The message in our root text, though exaggerated, is the kind of message one would give to tell people to abandon the world and all that is in it for the sake of God. We see a reminder of the good things to come to those who follow God, and we see this being used as a cause for the reader to detach themselves from the things of the world. And, just like these passages, Anthony was known to teach people to despise the body for the benefit of their soul:

And he used to say that it behoved a man to give all his time to his soul rather than his body, yet to grant a short space to the body through its necessities; but all the more earnestly to give up the whole remainder to the soul and seek its profit, that it might not be dragged down by the pleasures of the body, but, on the contrary, the body might be in subjection to the soul.[13]

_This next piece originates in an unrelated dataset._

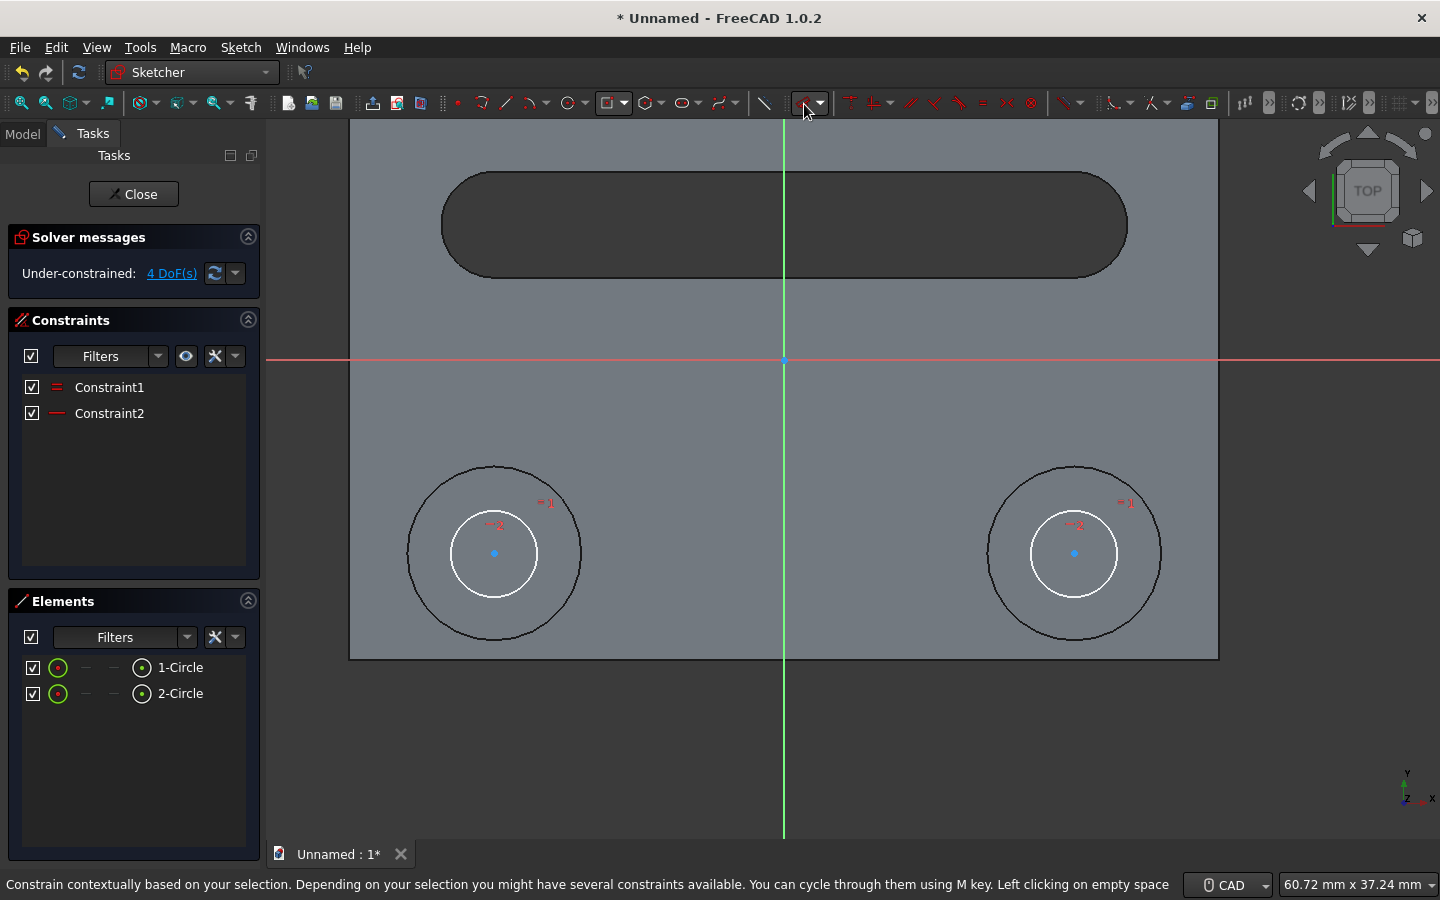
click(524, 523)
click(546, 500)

We can see in these passages the kinds of statements which Anthony would have used in order to make this point. We see something similar in Anthony’s letters. In them, he uses the frailty of bodily, material nature and counters it with the eternal nature of the spirit. He wants his audience to know his love for them is not fickle, not “bodily, but transcendent, spiritual: “I want you to know that the love that is between me and you is no bodily love, but a spiritual, religious love. For bodily friendship has no firmness or stability, being moved by strange winds.”[14]

In this way, while we might be surprised with the kind of extreme rhetoric in these paragraphs, when looked within the context of the whole, and when looked within the context of what we know of Anthony’s relativizing of the body for the sake of the spirit, these passages look authentic. They show the sentiment Athanasius said Anthony held. And we should not use the extremity of the rhetoric to dismiss their authenticity, after all, Jesus is shown to use similar rhetoric, and it is likely Jesus’ employment of it would allow Anthony to do so as well.


[1] “On the Character of Men and on the Virtuous Life,” 345 (#102).

[2] “On the Character of Men and on the Virtuous Life,” 345(#103).

[3] “On the Character of Men and on the Virtuous Life,” 345 (#103).

[4] “On the Character of Men and on the Virtuous Life,” 345 (#103).

[5] “On the Character of Men and on the Virtuous Life,” 345 (#103).

[6] “On the Character of Men and on the Virtuous Life,” 345 (#104).

[7] “On the Character of Men and on the Virtuous Life,” 345 (#104).

[8] “On the Character of Men and on the Virtuous Life,” 345 (#104).

[9] St. John Climacus, The Ladder of Divine Ascent. Trans. Colm Luibheid and Norman Russell (New York: Paulist Press, 1982), 81.

[10] St Basil the Great, “On Detachment,” in Saint Basil: Ascetic Works. trans. Sister M. Monica Wagner, C.S.C. (New York: Fathers of the Church, Inc., 1950), 495.

[11] Mark the Monk, “On the Spiritual Law” in Counsels on the Spiritual Life. Trans. Tom Vivian and Augustine Casiday (Crestwood, NY: St Vladimir’s Seminary Press, 2009), 98.

[12] Athanasius, Life of Antony, 200.

[13] Ibid, 208.

[14] Chitty, Letters of Saint Antony, 12 [Letter IV].